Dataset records

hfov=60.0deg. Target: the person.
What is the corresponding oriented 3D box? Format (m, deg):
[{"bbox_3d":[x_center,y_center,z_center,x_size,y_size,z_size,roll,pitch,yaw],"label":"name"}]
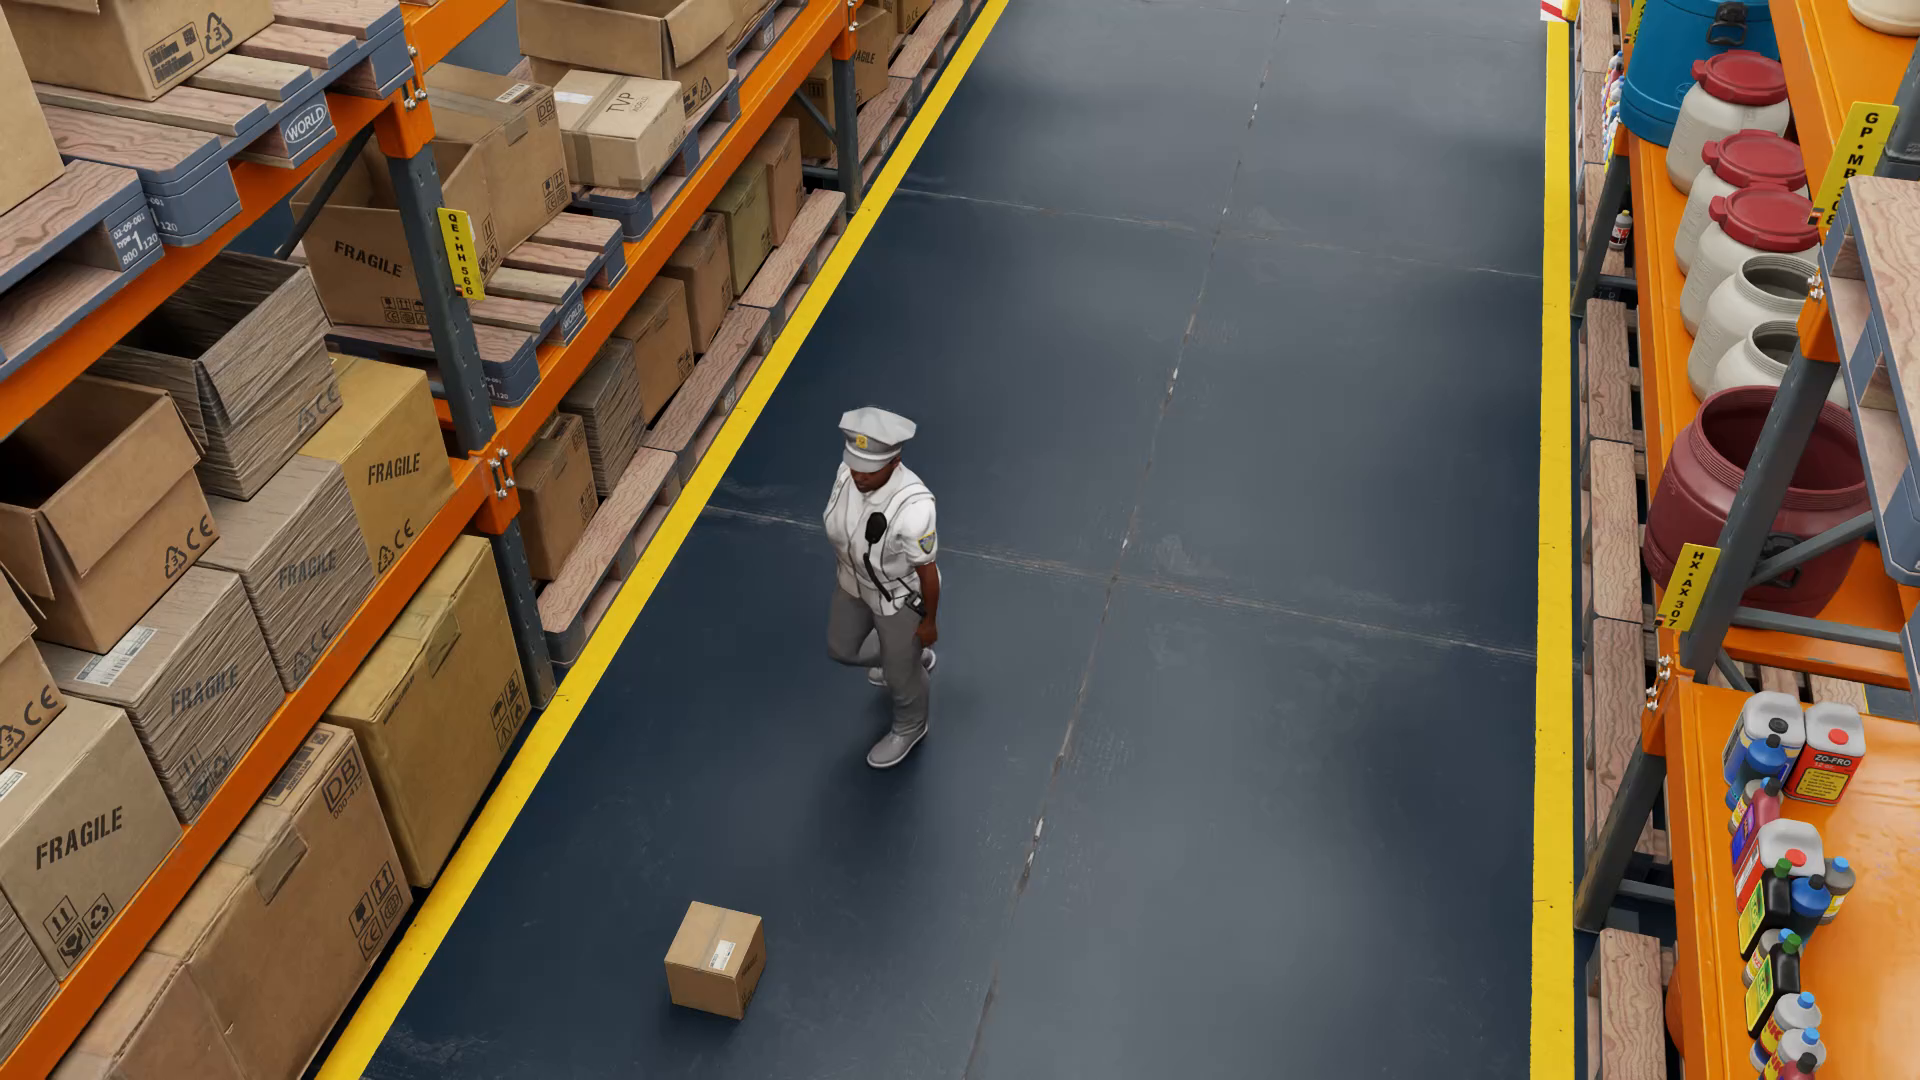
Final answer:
[{"bbox_3d":[-0.230,0.140,5.979,0.526,1.672,0.529,-32,51,-31],"label":"person"}]

** REQUIRED ACTION **
In the entries above, find the line containing "What is the". Transcribe it and every later line to the end, exactly, and leave out the pictures.

** THE COMPLETED TASK **
What is the corresponding oriented 3D box? Format (m, deg):
[{"bbox_3d":[x_center,y_center,z_center,x_size,y_size,z_size,roll,pitch,yaw],"label":"name"}]
Final answer:
[{"bbox_3d":[-0.230,0.140,5.979,0.526,1.672,0.529,-32,51,-31],"label":"person"}]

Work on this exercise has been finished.